Anti-Martingale systems look so much worse because of an inherent tendency to bet biggest long when it is least likely another up-day will occur.
To simplify this point, look back at the table above showing all up-days for all 10 of our stocks. If you are on the 5th straight up-day in an Anti-Martingale system, the system says to bet 2^5 or 32 units. Out of 4752 up-days across all stocks I measured, a 6th consecutive up-day only occurred 71 times or about 1.5%. Anti-Martingale says bet 32x normal when there is historically only a 1.5% chance of a win; at some point, the odds catch up with you.
The flip side is also true. Martingale says bet biggest when the odds of a reversal are (historically) on your side. In our example scenario, if you are on the 5th straight down-day, Martingale says to get long the same 32 units. But the odds of a 6th straight down day is 55/4729 or 1.2% meaning that there is an almost 98.8% chance of an up day. Martingale gets a bad name for doubling down when you are down and not letting profits run, but the historical odds are actually on Martingale’s side. The further a streak goes, the less likely it is to continue allowing the trader to claw out of the hole they are in and ride the next winning streak.
Hybrid Martingale System
What if you could take the best parts of the Martingale and Anti-Martingale Systems and combine them? Based on our 1-share position-size system, Martingale trade systems advantage over Reverse Martingale trade systems can be summarized as follows:
- Low Drawdowns. The mean drawdown for all ten stocks was $476 for the Martingale versus $3366 for the Anti-Martingale. That is a 1 to 7 ratio; for every dollar Martingale lost, Anti-Martingale lost 7 dollars.
- Fewer Shares. Martingale maxed out at 512 shares with an average of 345 shares held. Reverse Martingale had several stocks that traded 2048 shares with an average of 1536 shares held. This is likely due to the number of consecutive down days that each stock experienced in comparison to consecutive up days.
- Smaller Account Size. This is a corollary of lower drawdowns and fewer shares traded. Martingale would require a much smaller account size than Anti-Martingale.
An Alternate Take: Replicating An Article’s Martingale Strategy
An article on Martingale and Reverse Martingale strategies proposed a similar simple framework for evaluating both types of systems on 6-months of AAPL stock.

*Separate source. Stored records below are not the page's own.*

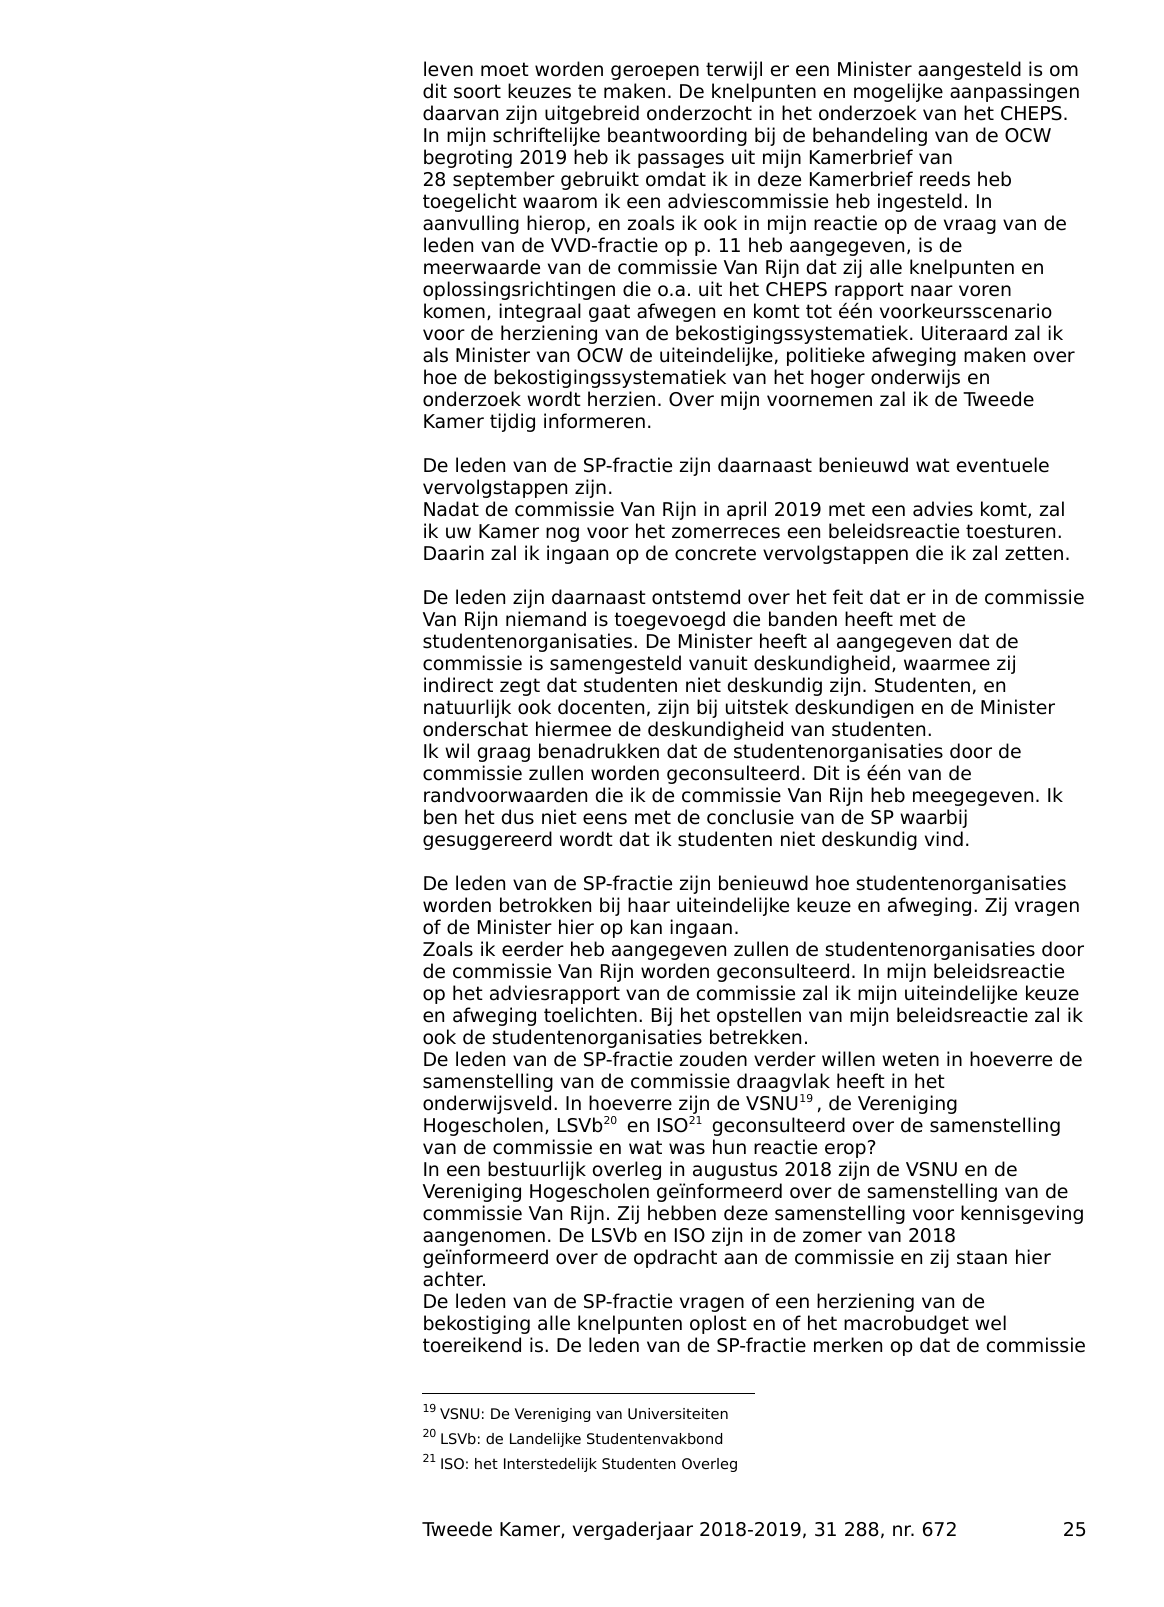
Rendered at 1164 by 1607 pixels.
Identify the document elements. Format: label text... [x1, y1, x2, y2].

text Nadat de commissie Van Rijn in april 2019 met een advies komt, zal ik uw Kamer nog voor het zomerreces een beleidsreactie toesturen. Daarin zal ik ingaan op de concrete vervolgstappen die ik zal zetten. [422, 499, 1087, 565]
text LSVb: de Landelijke Studentenvakbond [422, 1427, 1087, 1449]
text In mijn schriftelijke beantwoording bij de behandeling van de OCW begroting 2019 heb ik passages uit mijn Kamerbrief van 28 september gebruikt omdat ik in deze Kamerbrief reeds heb toegelicht waarom ik een adviescommissie heb ingesteld. In aanvulling hierop, en zoals ik ook in mijn reactie op de vraag van de leden van de VVD-fractie op p. 11 heb aangegeven, is de meerwaarde van de commissie Van Rijn dat zij alle knelpunten en oplossingsrichtingen die o.a. uit het CHEPS rapport naar voren komen, integraal gaat afwegen en komt tot één voorkeursscenario voor de herziening van de bekostigingssystematiek. Uiteraard zal ik als Minister van OCW de uiteindelijke, politieke afweging maken over hoe de bekostigingssystematiek van het hoger onderwijs en onderzoek wordt herzien. Over mijn voornemen zal ik de Tweede Kamer tijdig informeren. [422, 125, 1087, 433]
text VSNU: De Vereniging van Universiteiten [422, 1402, 1087, 1424]
text De leden van de SP-fractie vragen of een herziening van de bekostiging alle knelpunten oplost en of het macrobudget wel toereikend is. De leden van de SP-fractie merken op dat de commissie [422, 1291, 1087, 1356]
text De leden van de SP-fractie zijn benieuwd hoe studentenorganisaties worden betrokken bij haar uiteindelijke keuze en afweging. Zij vragen of de Minister hier op kan ingaan. [422, 873, 1087, 939]
text ISO: het Interstedelijk Studenten Overleg [422, 1452, 1087, 1474]
text De leden zijn daarnaast ontstemd over het feit dat er in de commissie Van Rijn niemand is toegevoegd die banden heeft met de studentenorganisaties. De Minister heeft al aangegeven dat de commissie is samengesteld vanuit deskundigheid, waarmee zij indirect zegt dat studenten niet deskundig zijn. Studenten, en natuurlijk ook docenten, zijn bij uitstek deskundigen en de Minister onderschat hiermee de deskundigheid van studenten. [422, 587, 1087, 741]
text Zoals ik eerder heb aangegeven zullen de studentenorganisaties door de commissie Van Rijn worden geconsulteerd. In mijn beleidsreactie op het adviesrapport van de commissie zal ik mijn uiteindelijke keuze en afweging toelichten. Bij het opstellen van mijn beleidsreactie zal ik ook de studentenorganisaties betrekken. [422, 939, 1087, 1049]
text Ik wil graag benadrukken dat de studentenorganisaties door de commissie zullen worden geconsulteerd. Dit is één van de randvoorwaarden die ik de commissie Van Rijn heb meegegeven. Ik ben het dus niet eens met de conclusie van de SP waarbij gesuggereerd wordt dat ik studenten niet deskundig vind. [422, 741, 1087, 851]
text In een bestuurlijk overleg in augustus 2018 zijn de VSNU en de Vereniging Hogescholen geïnformeerd over de samenstelling van de commissie Van Rijn. Zij hebben deze samenstelling voor kennisgeving aangenomen. De LSVb en ISO zijn in de zomer van 2018 geïnformeerd over de opdracht aan de commissie en zij staan hier achter. [422, 1159, 1087, 1291]
text De leden van de SP-fractie zijn daarnaast benieuwd wat eventuele vervolgstappen zijn. [422, 455, 1087, 499]
text leven moet worden geroepen terwijl er een Minister aangesteld is om dit soort keuzes te maken. De knelpunten en mogelijke aanpassingen daarvan zijn uitgebreid onderzocht in het onderzoek van het CHEPS. [422, 59, 1087, 125]
text De leden van de SP-fractie zouden verder willen weten in hoeverre de samenstelling van de commissie draagvlak heeft in het onderwijsveld. In hoeverre zijn de VSNU, de Vereniging Hogescholen, LSVb en ISO geconsulteerd over de samenstelling van de commissie en wat was hun reactie erop? [422, 1049, 1087, 1159]
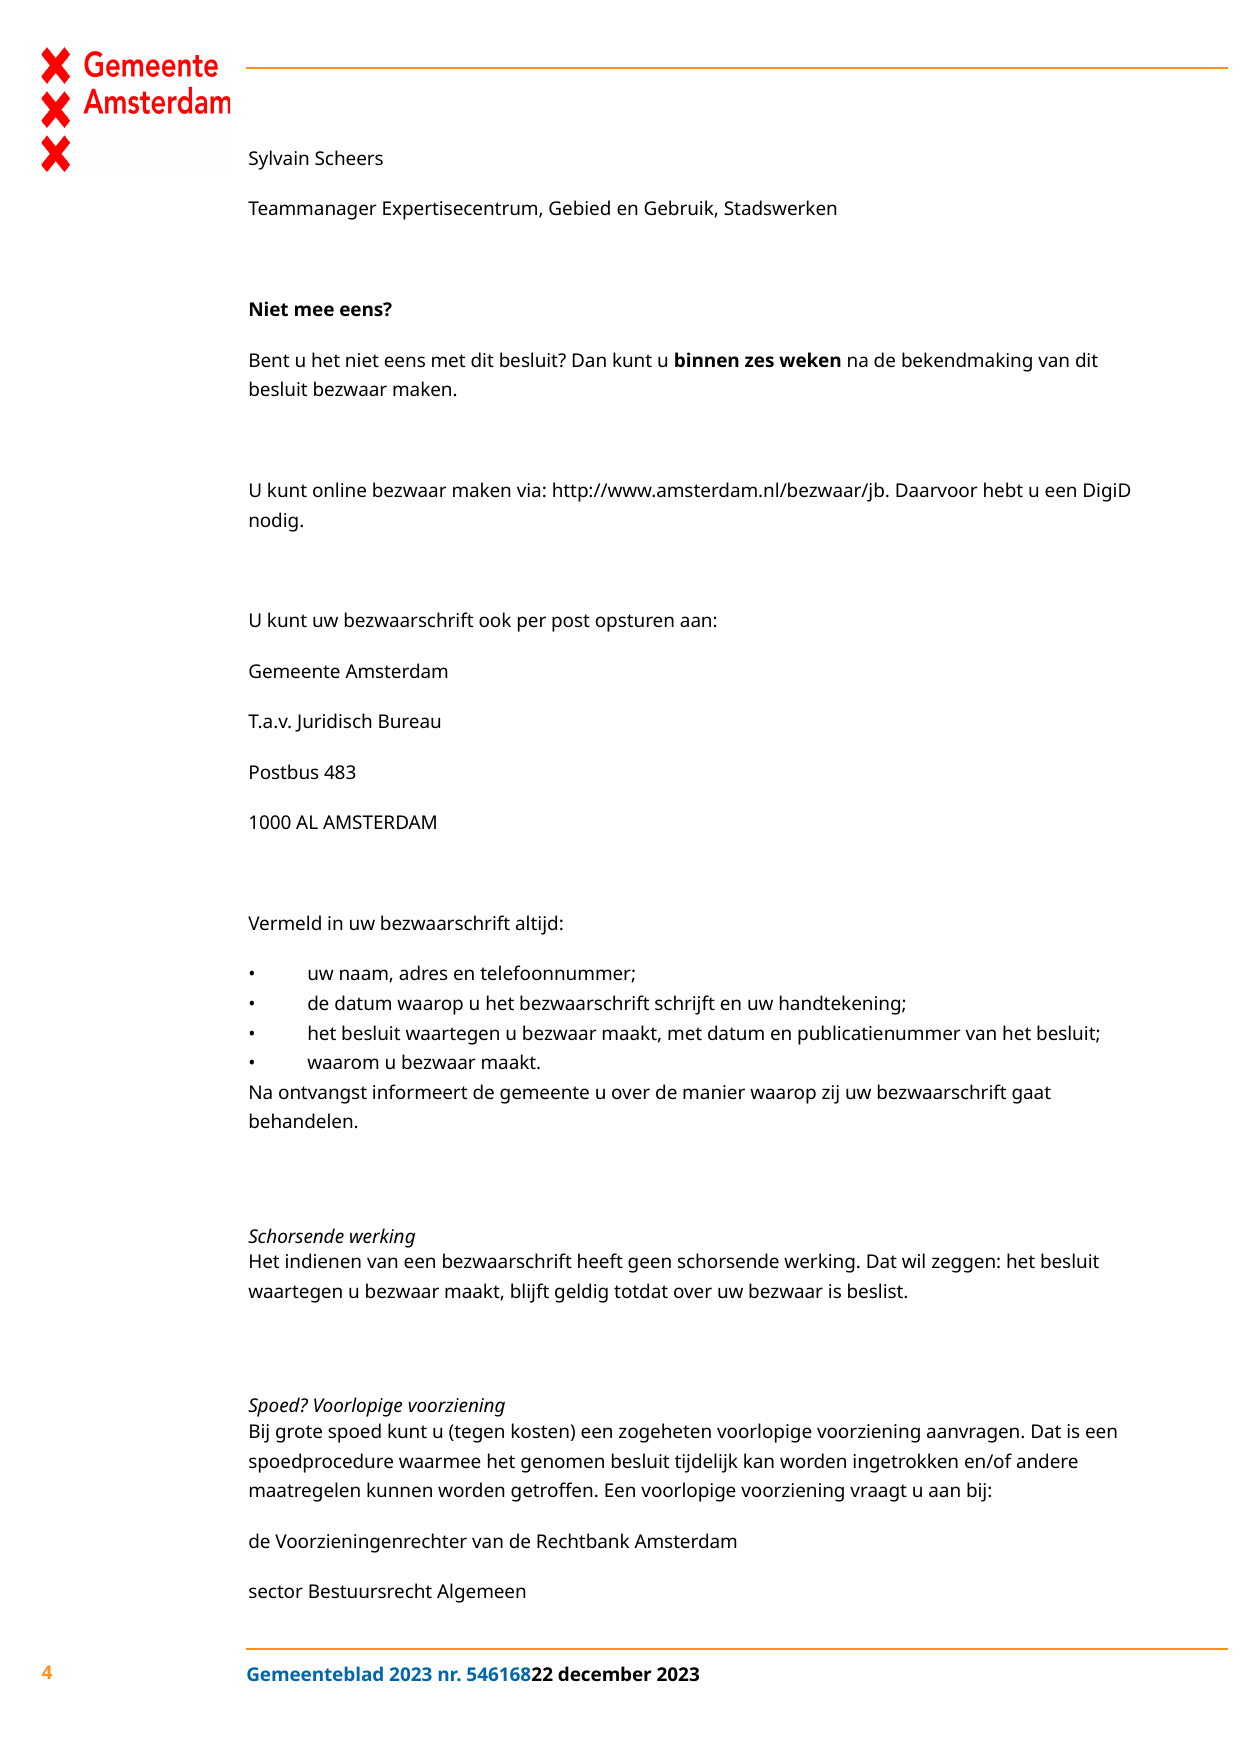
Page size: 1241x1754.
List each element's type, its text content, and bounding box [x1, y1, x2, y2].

text Teammanager Expertisecentrum, Gebied en Gebruik, Stadswerken [248, 196, 1152, 221]
text 1000 AL AMSTERDAM [248, 809, 1152, 835]
text U kunt online bezwaar maken via: http://www.amsterdam.nl/bezwaar/jb. Daarvoor hebt u een DigiD nodig. [248, 477, 1152, 533]
list uw naam, adres en telefoonnummer; [248, 961, 1152, 986]
text Na ontvangst informeert de gemeente u over de manier waarop zij uw bezwaarschrift gaat behandelen. [248, 1079, 1152, 1134]
text Sylvain Scheers [248, 145, 1152, 171]
text T.a.v. Juridisch Bureau [248, 708, 1152, 734]
list de datum waarop u het bezwaarschrift schrijft en uw handtekening; [248, 990, 1152, 1016]
text Postbus 483 [248, 759, 1152, 785]
text Bent u het niet eens met dit besluit? Dan kunt u binnen zes weken na de bekendmaking van dit besluit bezwaar maken. [248, 347, 1152, 402]
text Gemeente Amsterdam [248, 658, 1152, 684]
picture [41, 47, 231, 172]
text sector Bestuursrecht Algemeen [248, 1578, 1152, 1604]
list waarom u bezwaar maakt. [248, 1049, 1152, 1075]
text Niet mee eens? [248, 296, 1152, 322]
text U kunt uw bezwaarschrift ook per post opsturen aan: [248, 608, 1152, 633]
text de Voorzieningenrechter van de Rechtbank Amsterdam [248, 1528, 1152, 1554]
text Vermeld in uw bezwaarschrift altijd: [248, 910, 1152, 936]
text Spoed? Voorlopige voorziening [248, 1393, 1152, 1418]
text Bij grote spoed kunt u (tegen kosten) een zogeheten voorlopige voorziening aanvragen. Dat is een spoedprocedure waarmee het genomen besluit tijdelijk kan worden ingetrokken en/of andere maatregelen kunnen worden getroffen. Een voorlopige voorziening vraagt u aan bij: [248, 1418, 1152, 1503]
list het besluit waartegen u bezwaar maakt, met datum en publicatienummer van het besluit; [248, 1020, 1152, 1046]
text Het indienen van een bezwaarschrift heeft geen schorsende werking. Dat wil zeggen: het besluit waartegen u bezwaar maakt, blijft geldig totdat over uw bezwaar is beslist. [248, 1249, 1152, 1304]
text Schorsende werking [248, 1223, 1152, 1249]
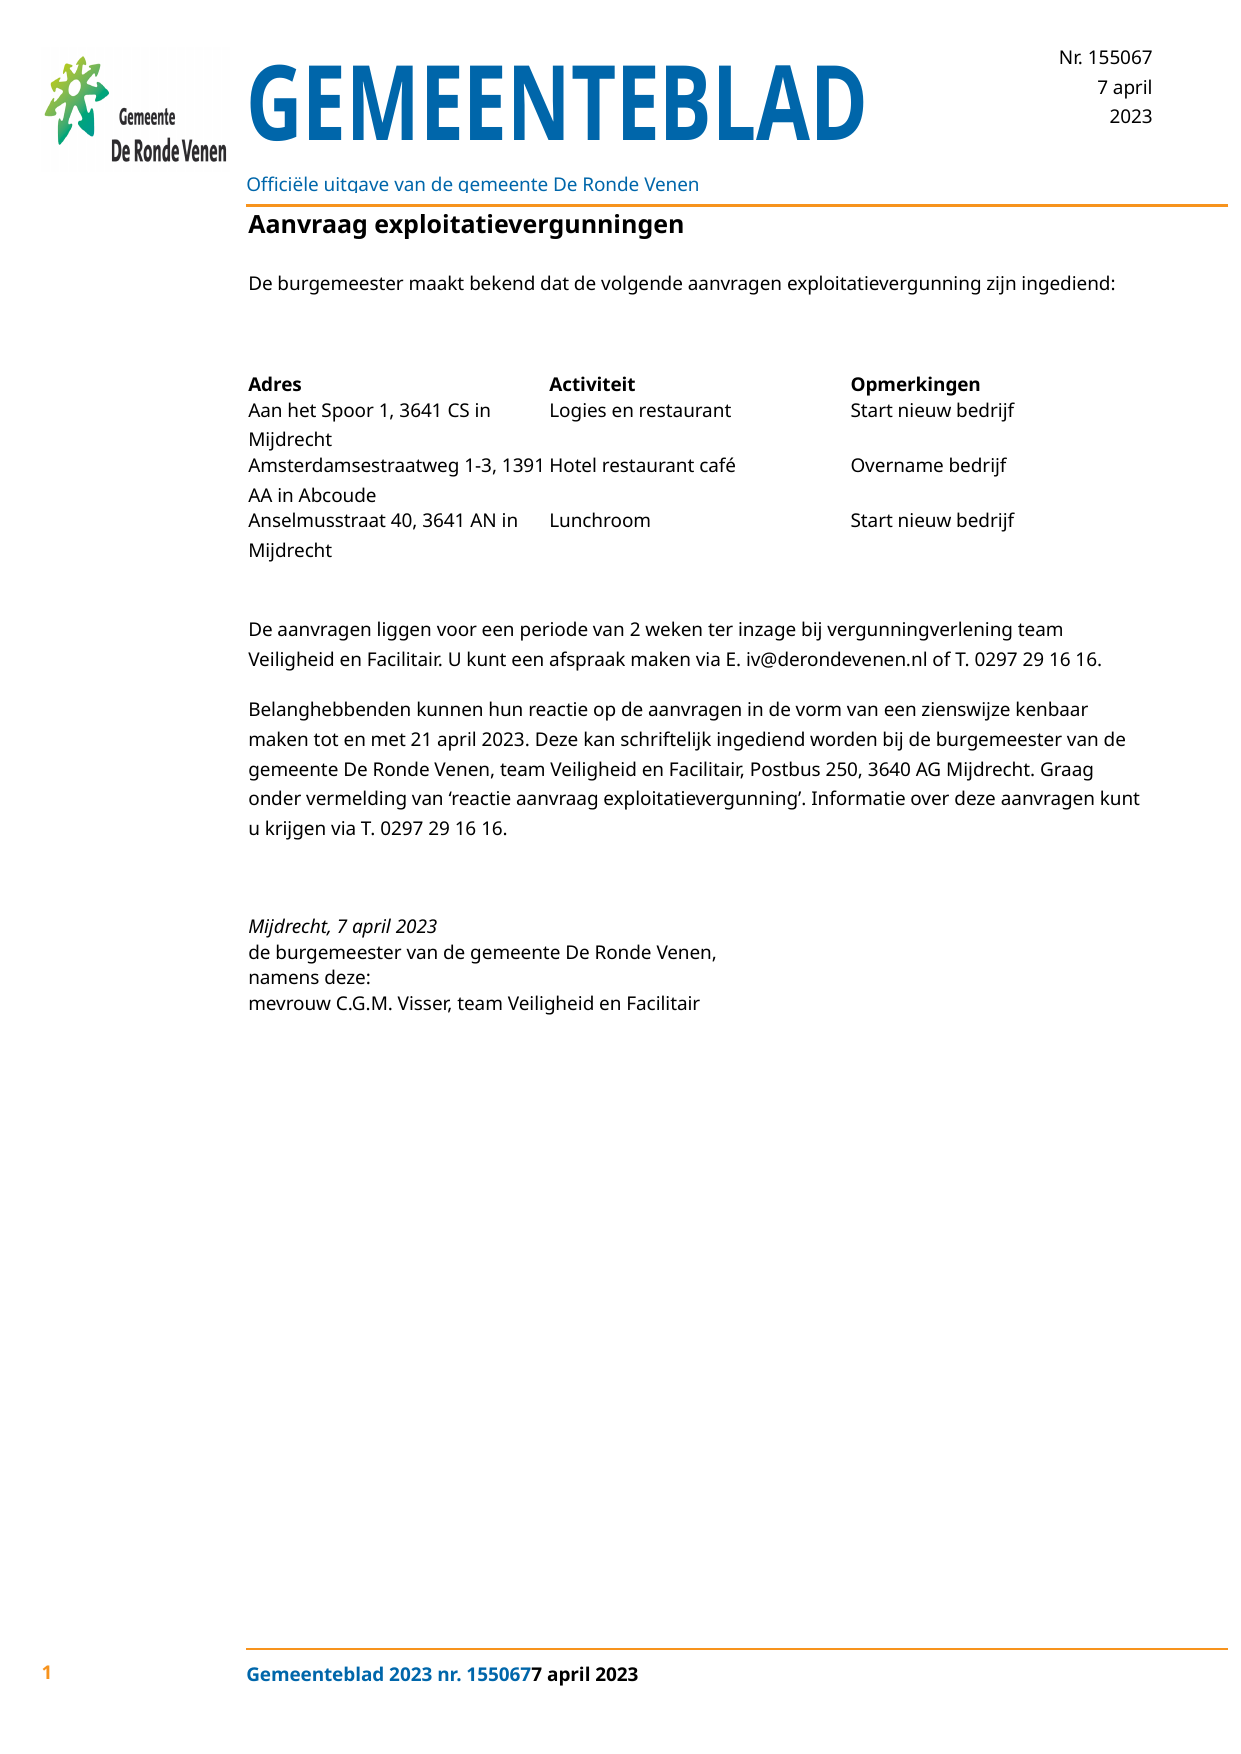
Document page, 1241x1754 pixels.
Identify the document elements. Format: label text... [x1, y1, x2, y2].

table_header Adres [248, 371, 549, 397]
table_cell Start nieuw bedrijf [850, 397, 1152, 452]
table_header Opmerkingen [850, 371, 1152, 397]
text Mijdrecht, 7 april 2023 [248, 913, 1152, 939]
table_header Activiteit [549, 371, 850, 397]
text Aanvraag exploitatievergunningen [248, 207, 1152, 241]
table_cell Amsterdamsestraatweg 1-3, 1391 AA in Abcoude [248, 452, 549, 508]
text Belanghebbenden kunnen hun reactie op de aanvragen in de vorm van een zienswijze kenbaar maken tot en met 21 april 2023. Deze kan schriftelijk ingediend worden bij de burgemeester van de gemeente De Ronde Venen, team Veiligheid en Facilitair, Postbus 250, 3640 AG Mijdrecht. Graag onder vermelding van ‘reactie aanvraag exploitatievergunning’. Informatie over deze aanvragen kunt u krijgen via T. 0297 29 16 16. [248, 697, 1152, 841]
table_cell Start nieuw bedrijf [850, 508, 1152, 563]
table_cell Anselmusstraat 40, 3641 AN in Mijdrecht [248, 508, 549, 563]
text mevrouw C.G.M. Visser, team Veiligheid en Facilitair [248, 990, 1152, 1016]
table_cell Logies en restaurant [549, 397, 850, 452]
picture [41, 47, 231, 172]
table_cell Lunchroom [549, 508, 850, 563]
text de burgemeester van de gemeente De Ronde Venen, [248, 939, 1152, 964]
table_cell Hotel restaurant café [549, 452, 850, 508]
table_cell Overname bedrijf [850, 452, 1152, 508]
table_cell Aan het Spoor 1, 3641 CS in Mijdrecht [248, 397, 549, 452]
text De burgemeester maakt bekend dat de volgende aanvragen exploitatievergunning zijn ingediend: [248, 270, 1152, 296]
text De aanvragen liggen voor een periode van 2 weken ter inzage bij vergunningverlening team Veiligheid en Facilitair. U kunt een afspraak maken via E. iv@derondevenen.nl of T. 0297 29 16 16. [248, 617, 1152, 672]
text namens deze: [248, 964, 1152, 990]

The main difference between what I proposed so far, versus the article’s strategy was how the author accounted for an up-day and a down-day for the daily price data.
- An up-day was defined as when the close of the day was 2% greater than the prior day
- A down-day was when the close was 2% less than the prior day.
In other words, the long position was never closed and profits were never realized day-to-day.
Instead, double the number of shares are purchased and added to the account following a down-day, and no additional shares are added following an up-day. This results in larger position sizes compared with my original Martingale strategy since:
- you don’t exit the position and re-enter single unit on up-days, and
- you don’t exit open positions and re-enter 2^N units following a consecutive down days.
Below is the article’s Martingale Strategy Python code recreated in R
using the first 125 days of AAPL stock.
# - get first 100 data points from first symbol
art.data <- df.data[[1]][1:125, ]
# - extract date and adjusted close price
# - add daily close to close percentage returns, long_signal (increase of 2% from prior day), short signal (decrease 2%), combined signal
df.article <- art.data[, c(2, 8)] %>%
mutate(
ret = adjusted / lag(adjusted, 1) - 1,
long_signal = ifelse(adjusted > 1.02 * lag(adjusted, 1), 1, 0),
short_signal = ifelse(adjusted < .98 * lag(adjusted, 1), -1, 0),
signal = long_signal + short_signal
)
# - loop to create vector "df.article.2" that adds 2 shares every time there is a loss of 2%
# - create an empty vector with length equal to number of rows of df.article
df.article.2 <- rep(NA, nrow(df.article))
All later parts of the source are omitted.